Currently, “In-Context Learning” is widely used in various large model application scenarios, such as:

  • Text Classification: Give the model a few examples of “this is a news report” and “this is a spam email”, and it can distinguish new texts for you.
  • Information Extraction: Tell the model to “find the time and place from this paragraph”, and provide a few demonstrations, and it can extract accurately.
  • Code Generation: Give a few code snippets and corresponding function descriptions, and the model can generate similar code based on your new functional requirements.
  • Q&A Systems: Give a few Q&A pairs as examples, and the model can better understand your question and give precise answers.

Some research even indicates that by using “In-Context Learning” for “Analogical Prompting”, models can generate examples themselves to solve problems, performing excellently in certain reasoning-intensive tasks.

V. Latest Progress and Challenges

With the development of technology, researchers are constantly exploring how to better utilize and optimize in-context learning. For example:

  • Longer Context Window: The context information that models can process and understand is getting longer, from a few thousand tokens to hundreds of thousands or even millions. This means that when making decisions, the model can refer to richer historical dialogue or document information to make more precise judgments.
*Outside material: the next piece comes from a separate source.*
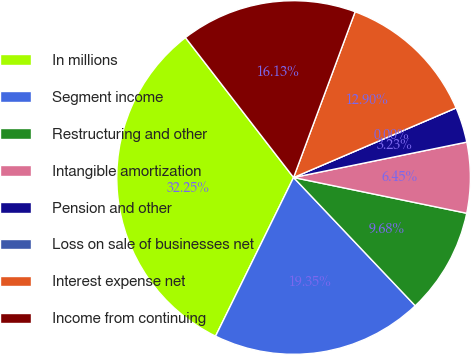Convert chart to OTSL. <chart><loc_0><loc_0><loc_500><loc_500><pie_chart><fcel>In millions<fcel>Segment income<fcel>Restructuring and other<fcel>Intangible amortization<fcel>Pension and other<fcel>Loss on sale of businesses net<fcel>Interest expense net<fcel>Income from continuing<nl><fcel>32.25%<fcel>19.35%<fcel>9.68%<fcel>6.45%<fcel>3.23%<fcel>0.0%<fcel>12.9%<fcel>16.13%<nl></chart>

However, longer contexts also bring challenges in memory management and computational efficiency.
  • Context Engineering: This discipline focuses on how to carefully design and organize context information provided to AI, including task descriptions, example selection, example order, etc., to maximize the model’s performance in in-context learning. This is like carefully selecting the most critical and inspiring old case files for Sherlock Holmes to improve his efficiency and accuracy in solving crimes.
  • Stronger Generalization Capability: Researchers are working to allow models to perform effective reasoning and learning even when facing scarce or ambiguous contexts.
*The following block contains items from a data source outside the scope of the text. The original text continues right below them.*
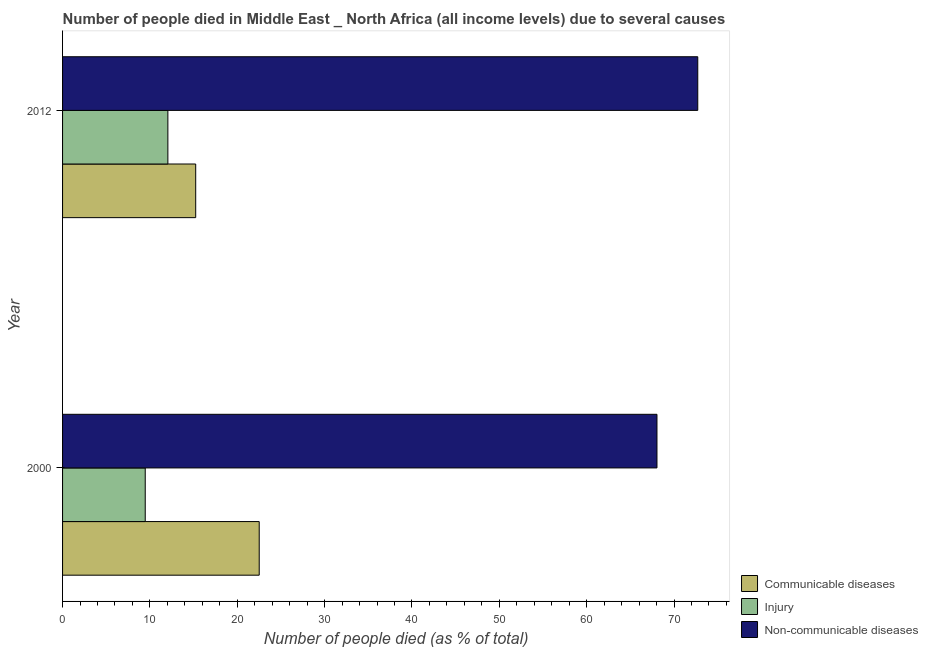How many groups of bars are there?
Make the answer very short. 2. How many bars are there on the 2nd tick from the top?
Offer a very short reply. 3. In how many cases, is the number of bars for a given year not equal to the number of legend labels?
Provide a succinct answer. 0. What is the number of people who died of communicable diseases in 2012?
Ensure brevity in your answer.  15.24. Across all years, what is the maximum number of people who dies of non-communicable diseases?
Keep it short and to the point. 72.72. Across all years, what is the minimum number of people who dies of non-communicable diseases?
Provide a succinct answer. 68.05. In which year was the number of people who dies of non-communicable diseases maximum?
Give a very brief answer. 2012. In which year was the number of people who died of injury minimum?
Make the answer very short. 2000. What is the total number of people who died of injury in the graph?
Provide a short and direct response. 21.52. What is the difference between the number of people who dies of non-communicable diseases in 2000 and that in 2012?
Give a very brief answer. -4.67. What is the difference between the number of people who died of injury in 2000 and the number of people who dies of non-communicable diseases in 2012?
Offer a terse response. -63.25. What is the average number of people who dies of non-communicable diseases per year?
Make the answer very short. 70.38. In the year 2000, what is the difference between the number of people who dies of non-communicable diseases and number of people who died of communicable diseases?
Keep it short and to the point. 45.53. In how many years, is the number of people who died of communicable diseases greater than 62 %?
Your answer should be compact. 0. What is the ratio of the number of people who dies of non-communicable diseases in 2000 to that in 2012?
Make the answer very short. 0.94. Is the number of people who dies of non-communicable diseases in 2000 less than that in 2012?
Your answer should be very brief. Yes. What does the 1st bar from the top in 2012 represents?
Make the answer very short. Non-communicable diseases. What does the 2nd bar from the bottom in 2012 represents?
Keep it short and to the point. Injury. How many years are there in the graph?
Offer a very short reply. 2. Are the values on the major ticks of X-axis written in scientific E-notation?
Give a very brief answer. No. Does the graph contain grids?
Keep it short and to the point. No. Where does the legend appear in the graph?
Give a very brief answer. Bottom right. How many legend labels are there?
Give a very brief answer. 3. How are the legend labels stacked?
Provide a succinct answer. Vertical. What is the title of the graph?
Your response must be concise. Number of people died in Middle East _ North Africa (all income levels) due to several causes. Does "Tertiary" appear as one of the legend labels in the graph?
Make the answer very short. No. What is the label or title of the X-axis?
Ensure brevity in your answer.  Number of people died (as % of total). What is the Number of people died (as % of total) of Communicable diseases in 2000?
Give a very brief answer. 22.51. What is the Number of people died (as % of total) of Injury in 2000?
Ensure brevity in your answer.  9.46. What is the Number of people died (as % of total) of Non-communicable diseases in 2000?
Your response must be concise. 68.05. What is the Number of people died (as % of total) of Communicable diseases in 2012?
Ensure brevity in your answer.  15.24. What is the Number of people died (as % of total) of Injury in 2012?
Make the answer very short. 12.06. What is the Number of people died (as % of total) in Non-communicable diseases in 2012?
Your response must be concise. 72.72. Across all years, what is the maximum Number of people died (as % of total) of Communicable diseases?
Ensure brevity in your answer.  22.51. Across all years, what is the maximum Number of people died (as % of total) of Injury?
Provide a short and direct response. 12.06. Across all years, what is the maximum Number of people died (as % of total) in Non-communicable diseases?
Your answer should be very brief. 72.72. Across all years, what is the minimum Number of people died (as % of total) in Communicable diseases?
Keep it short and to the point. 15.24. Across all years, what is the minimum Number of people died (as % of total) in Injury?
Provide a succinct answer. 9.46. Across all years, what is the minimum Number of people died (as % of total) in Non-communicable diseases?
Ensure brevity in your answer.  68.05. What is the total Number of people died (as % of total) in Communicable diseases in the graph?
Provide a succinct answer. 37.75. What is the total Number of people died (as % of total) of Injury in the graph?
Offer a terse response. 21.52. What is the total Number of people died (as % of total) of Non-communicable diseases in the graph?
Give a very brief answer. 140.76. What is the difference between the Number of people died (as % of total) of Communicable diseases in 2000 and that in 2012?
Your answer should be very brief. 7.27. What is the difference between the Number of people died (as % of total) in Injury in 2000 and that in 2012?
Your answer should be compact. -2.59. What is the difference between the Number of people died (as % of total) of Non-communicable diseases in 2000 and that in 2012?
Ensure brevity in your answer.  -4.67. What is the difference between the Number of people died (as % of total) in Communicable diseases in 2000 and the Number of people died (as % of total) in Injury in 2012?
Provide a short and direct response. 10.46. What is the difference between the Number of people died (as % of total) of Communicable diseases in 2000 and the Number of people died (as % of total) of Non-communicable diseases in 2012?
Your answer should be compact. -50.2. What is the difference between the Number of people died (as % of total) of Injury in 2000 and the Number of people died (as % of total) of Non-communicable diseases in 2012?
Ensure brevity in your answer.  -63.25. What is the average Number of people died (as % of total) of Communicable diseases per year?
Ensure brevity in your answer.  18.88. What is the average Number of people died (as % of total) of Injury per year?
Offer a terse response. 10.76. What is the average Number of people died (as % of total) of Non-communicable diseases per year?
Offer a very short reply. 70.38. In the year 2000, what is the difference between the Number of people died (as % of total) in Communicable diseases and Number of people died (as % of total) in Injury?
Provide a succinct answer. 13.05. In the year 2000, what is the difference between the Number of people died (as % of total) of Communicable diseases and Number of people died (as % of total) of Non-communicable diseases?
Your answer should be compact. -45.53. In the year 2000, what is the difference between the Number of people died (as % of total) of Injury and Number of people died (as % of total) of Non-communicable diseases?
Provide a short and direct response. -58.58. In the year 2012, what is the difference between the Number of people died (as % of total) of Communicable diseases and Number of people died (as % of total) of Injury?
Your response must be concise. 3.19. In the year 2012, what is the difference between the Number of people died (as % of total) in Communicable diseases and Number of people died (as % of total) in Non-communicable diseases?
Ensure brevity in your answer.  -57.48. In the year 2012, what is the difference between the Number of people died (as % of total) of Injury and Number of people died (as % of total) of Non-communicable diseases?
Offer a terse response. -60.66. What is the ratio of the Number of people died (as % of total) in Communicable diseases in 2000 to that in 2012?
Ensure brevity in your answer.  1.48. What is the ratio of the Number of people died (as % of total) in Injury in 2000 to that in 2012?
Provide a short and direct response. 0.79. What is the ratio of the Number of people died (as % of total) in Non-communicable diseases in 2000 to that in 2012?
Offer a terse response. 0.94. What is the difference between the highest and the second highest Number of people died (as % of total) in Communicable diseases?
Your response must be concise. 7.27. What is the difference between the highest and the second highest Number of people died (as % of total) in Injury?
Offer a terse response. 2.59. What is the difference between the highest and the second highest Number of people died (as % of total) of Non-communicable diseases?
Offer a very short reply. 4.67. What is the difference between the highest and the lowest Number of people died (as % of total) in Communicable diseases?
Keep it short and to the point. 7.27. What is the difference between the highest and the lowest Number of people died (as % of total) in Injury?
Offer a terse response. 2.59. What is the difference between the highest and the lowest Number of people died (as % of total) of Non-communicable diseases?
Offer a very short reply. 4.67.

Although the capability of in-context learning is powerful, it is still a major hotspot in current AI research, and its internal mechanisms and boundaries are still being explored. Why do only large-scale models possess this ability? How to conduct in-context learning more efficiently? These are still open questions.

Summary

“In-Context Learning” is a critical and amazing capability of modern AI, especially large language models. It allows us to see that AI systems can “learn and use on the fly” like humans by observing and imitating without explicit programming or massive retraining. It not only improves the flexibility and efficiency of AI but also makes AI applications more convenient and popular. In the future, with the continuous advancement of this technology, we have reason to believe that AI will become increasingly intelligent and better able to understand and adapt to our complex and changing world.